**Records contained in a dataset**
== Segment start ==

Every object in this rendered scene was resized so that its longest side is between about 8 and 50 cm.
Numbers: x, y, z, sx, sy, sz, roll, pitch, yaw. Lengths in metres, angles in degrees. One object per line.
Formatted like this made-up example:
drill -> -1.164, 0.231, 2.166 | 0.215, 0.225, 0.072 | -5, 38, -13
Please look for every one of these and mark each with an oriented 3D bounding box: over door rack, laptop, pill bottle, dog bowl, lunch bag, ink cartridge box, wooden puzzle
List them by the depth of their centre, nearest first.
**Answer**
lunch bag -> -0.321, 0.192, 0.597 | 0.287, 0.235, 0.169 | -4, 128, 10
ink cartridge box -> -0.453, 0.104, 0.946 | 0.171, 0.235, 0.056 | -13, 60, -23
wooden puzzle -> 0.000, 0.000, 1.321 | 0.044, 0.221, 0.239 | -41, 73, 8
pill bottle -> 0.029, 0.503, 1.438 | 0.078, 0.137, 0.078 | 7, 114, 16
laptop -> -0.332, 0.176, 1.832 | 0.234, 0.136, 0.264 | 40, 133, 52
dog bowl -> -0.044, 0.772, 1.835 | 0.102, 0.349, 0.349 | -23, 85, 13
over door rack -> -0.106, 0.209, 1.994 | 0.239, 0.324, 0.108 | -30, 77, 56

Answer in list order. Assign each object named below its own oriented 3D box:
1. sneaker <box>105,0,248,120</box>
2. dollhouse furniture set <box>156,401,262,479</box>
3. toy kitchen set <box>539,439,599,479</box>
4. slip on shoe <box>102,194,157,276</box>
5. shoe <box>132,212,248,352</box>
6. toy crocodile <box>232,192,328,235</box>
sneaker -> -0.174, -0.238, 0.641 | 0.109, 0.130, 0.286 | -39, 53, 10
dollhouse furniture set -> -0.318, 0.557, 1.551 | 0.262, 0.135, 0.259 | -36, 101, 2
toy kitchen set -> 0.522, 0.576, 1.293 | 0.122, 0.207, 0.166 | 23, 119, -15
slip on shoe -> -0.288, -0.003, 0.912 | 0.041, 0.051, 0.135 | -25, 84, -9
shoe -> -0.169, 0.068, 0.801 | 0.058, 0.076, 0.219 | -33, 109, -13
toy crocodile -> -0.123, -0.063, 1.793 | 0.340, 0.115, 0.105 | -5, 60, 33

== Segment end ==
== Segment start ==

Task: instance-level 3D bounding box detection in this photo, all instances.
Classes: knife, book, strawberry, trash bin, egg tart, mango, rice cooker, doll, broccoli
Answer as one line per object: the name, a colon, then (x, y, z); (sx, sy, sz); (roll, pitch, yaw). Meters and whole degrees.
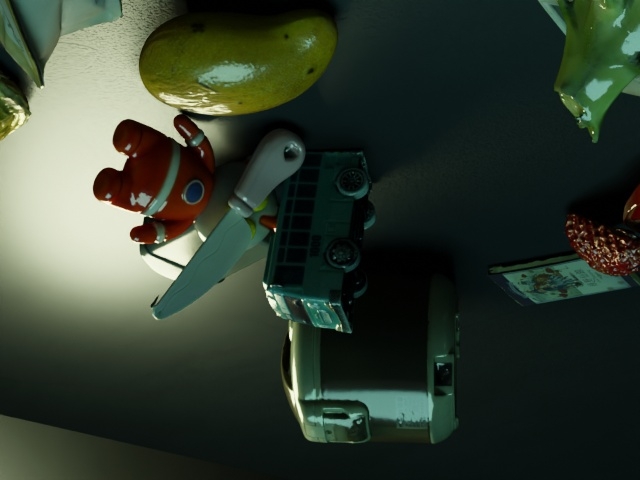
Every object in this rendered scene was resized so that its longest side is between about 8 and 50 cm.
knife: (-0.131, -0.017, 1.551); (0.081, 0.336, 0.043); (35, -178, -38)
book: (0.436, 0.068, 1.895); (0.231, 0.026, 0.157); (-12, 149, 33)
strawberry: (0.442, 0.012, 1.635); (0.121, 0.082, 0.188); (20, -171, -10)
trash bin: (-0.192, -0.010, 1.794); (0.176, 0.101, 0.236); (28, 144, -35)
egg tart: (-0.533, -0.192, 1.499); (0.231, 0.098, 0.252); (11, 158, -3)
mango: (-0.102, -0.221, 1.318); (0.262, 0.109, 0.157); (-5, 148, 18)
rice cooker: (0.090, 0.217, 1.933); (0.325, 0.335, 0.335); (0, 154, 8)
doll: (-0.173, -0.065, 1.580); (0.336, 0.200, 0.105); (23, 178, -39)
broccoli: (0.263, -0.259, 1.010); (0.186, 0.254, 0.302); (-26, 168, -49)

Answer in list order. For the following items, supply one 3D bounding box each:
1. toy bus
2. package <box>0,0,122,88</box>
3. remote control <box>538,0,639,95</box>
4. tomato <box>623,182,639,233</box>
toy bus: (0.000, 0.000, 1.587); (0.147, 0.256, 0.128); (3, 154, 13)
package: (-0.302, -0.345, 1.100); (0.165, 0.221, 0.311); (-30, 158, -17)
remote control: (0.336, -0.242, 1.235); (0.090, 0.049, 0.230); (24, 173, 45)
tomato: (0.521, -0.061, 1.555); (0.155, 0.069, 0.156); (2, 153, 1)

== Segment end ==

**Instructions to follow**
Work out how many lines in the entries above include the word "pitch". Respond with only the number.

**The answer**
2